A third person from Lismore has died in the NSW flood crisis engulfing northern NSW as Greater Sydney braces for a deluge.
“We’ve recovered a third body this morning,” NSW Deputy Premier Paul Toole told reporters on Wednesday.
“That was a male in the CBD of Lismore. That now takes our total deaths to four.
“This is terrible … one life lost is too many.”
The latest fatality comes after the body of a woman in her 80s was found inside a South Lismore house on Tuesday afternoon. She was the second elderly woman to die after being trapped in a flooded home in the area.
Another man who disappeared in floodwaters in Lismore on Sunday is presumed dead, while a man died on the Central Coast on Friday.
“No-one would have predicted we were going to see a 14.4m rainfall event or flooding in that area,” Mr Toole said.
Greater Sydney is also bracing for potential “life-threatening” flash flooding.
The torrential rain forecast for Sydney and surrounding areas – as much as 200mm – will hit late on Wednesday and early Thursday, the Bureau of Meteorology said.
“In the Sydney area we have minor to major flood warnings current for the Hawkesbury-Nepean and we could see minor flooding develop as far eastward as the Penrith area which will continue to develop as the rain continues to fall,” the BOM’s Dean Narramore said on Wednesday.
The heavy rainfall will also affect Newcastle, the Blue Mountains and Wollongong.
NSW SES is advising residents within parts of Chipping Norton in southwest Sydney to evacuate in the next few hours.
“We still have a large number of helicopters up north that are helping … around the Ballina area particularly. And we have troops on the ground as well to help,” said SES Commissioner Carlene York.
“We are actively door knocking.”
Warragamba Dam is overflowing, with Water NSW warning it may continue for up to two weeks, threatening thousands of homes in the Hawkesbury and Nepean area.
The SES received more than 2200 calls for help overnight on Tuesday and undertook 300 flood rescues in the northern area of the state which has been inundated with record floods centred on Lismore.
The Red Cross on Wednesday confirmed to AAP that 894 enquiries had been made in NSW alone by family members looking for their loved ones, with 25 matches secured.
Meanwhile, federal Services Minister Linda Reynolds said 90,000 claims for disaster relief payments were submitted on Tuesday.
There are several flood warnings for the Greater Sydney area, including the Upper Nepean at Menangle, the Hawkesbury River at Richmond and Windsor, the Colo River at Upper Colo and the Georges River.
The communities in the path of the floods are the same ones devastated by floods just a year ago.
Thousands of people spent the night frantically sandbagging their homes and businesses.

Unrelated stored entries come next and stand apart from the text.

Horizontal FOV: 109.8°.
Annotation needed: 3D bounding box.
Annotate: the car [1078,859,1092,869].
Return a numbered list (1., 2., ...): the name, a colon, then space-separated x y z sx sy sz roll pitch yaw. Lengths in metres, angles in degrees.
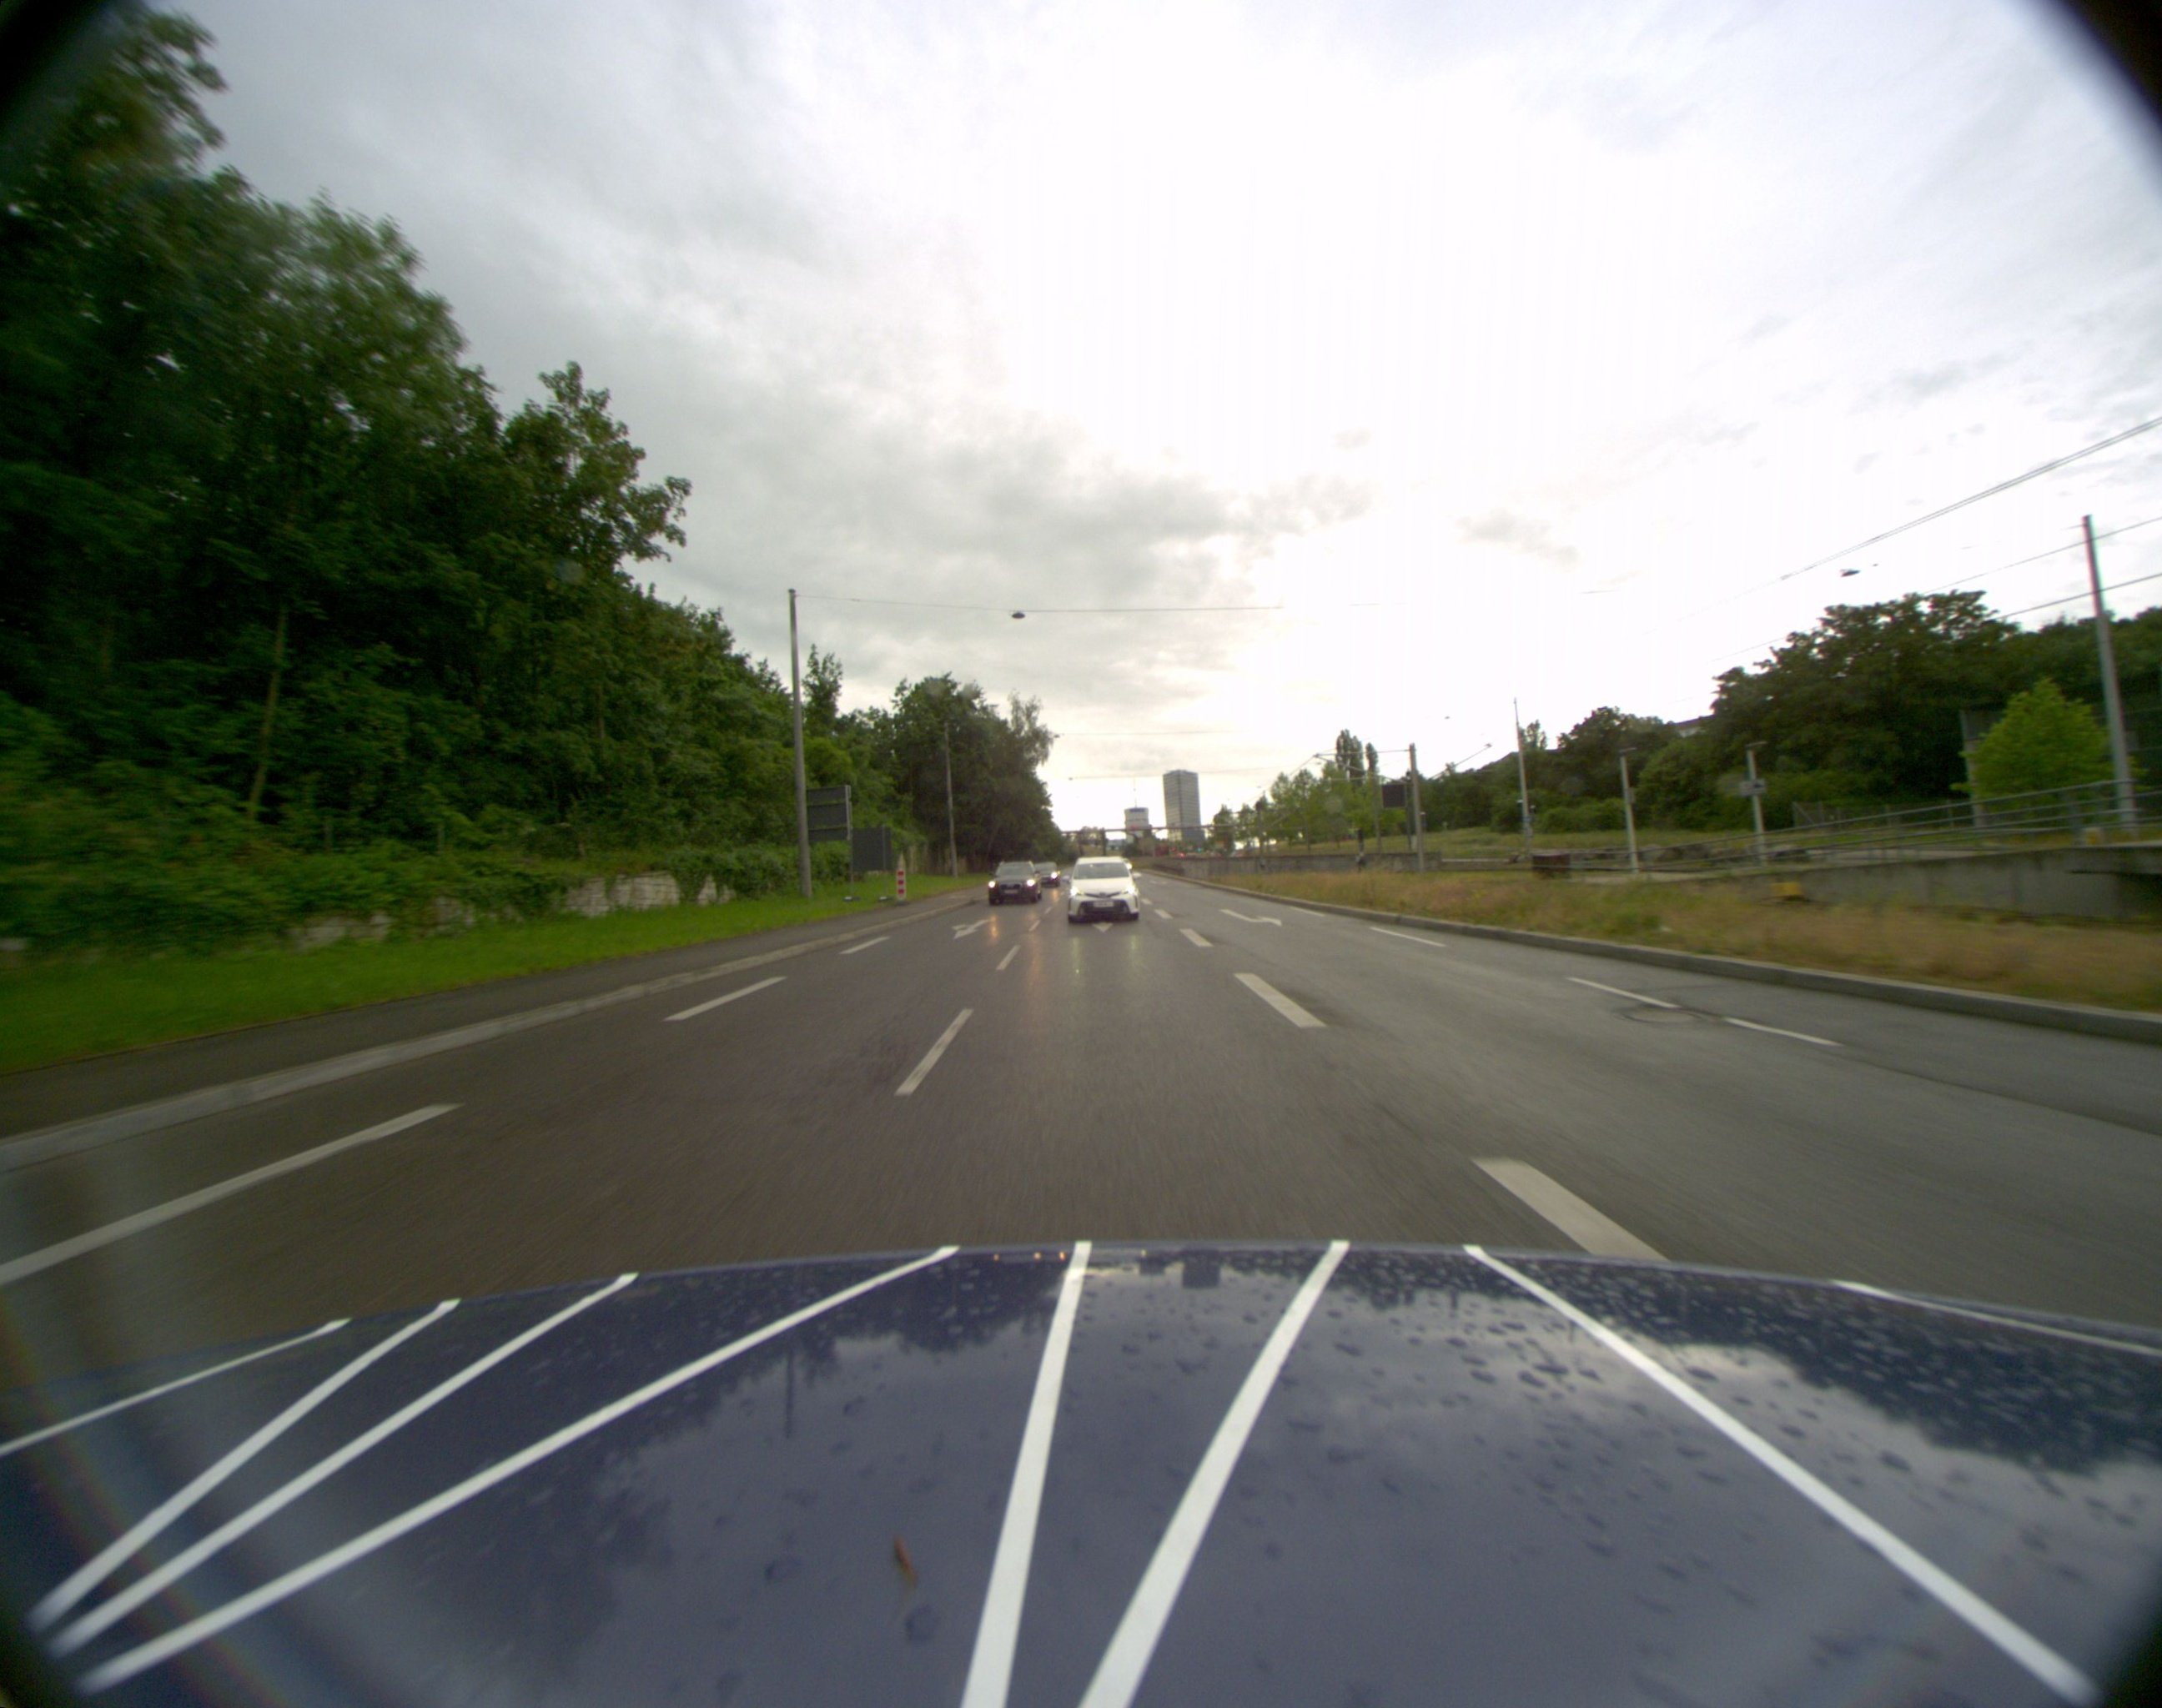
1. car: 0.593 1.496 114.546 1.802 1.462 4.000 -3 -1 -3

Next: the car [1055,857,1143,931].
1. car: 0.367 0.957 19.898 1.857 1.741 3.998 0 0 -5

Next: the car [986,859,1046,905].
1. car: -2.452 1.043 29.757 1.856 1.578 4.000 -3 0 1

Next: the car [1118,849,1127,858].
1. car: 8.280 -0.085 151.954 1.801 1.462 4.002 -3 -1 3

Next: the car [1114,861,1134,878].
1. car: 4.257 1.495 75.674 1.738 1.578 4.000 -3 0 1

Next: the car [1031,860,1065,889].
1. car: -1.930 1.182 45.603 1.738 1.578 4.000 -3 0 1

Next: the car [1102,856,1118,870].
1. car: 3.425 1.079 89.597 1.738 1.578 4.000 -3 0 1

People in low-lying areas around Windsor and Pitt Town, northwest of Sydney, have also been told to prepare to evacuate.
The slow-moving weather system arrived in Sydney late on Tuesday, dumping rain over parts of the Hunter and Metropolitan, Illawarra, South Coast and parts of Central Tablelands and Southern Tablelands.
Meanwhile, Emergency Services Minister Steph Cooke says it’s too early to know exactly how many homes in western Sydney could be impacted by the overflowing Warragamba Dam.
“We know there’s 130,000 residents in and around that area. It depends on exactly where the rain drops and how much it drops, so we are on high alert,” she told the Seven Network.
While the rain has eased in the Northern Rivers region, the crisis is ongoing with some 35,000 people ordered to evacuate.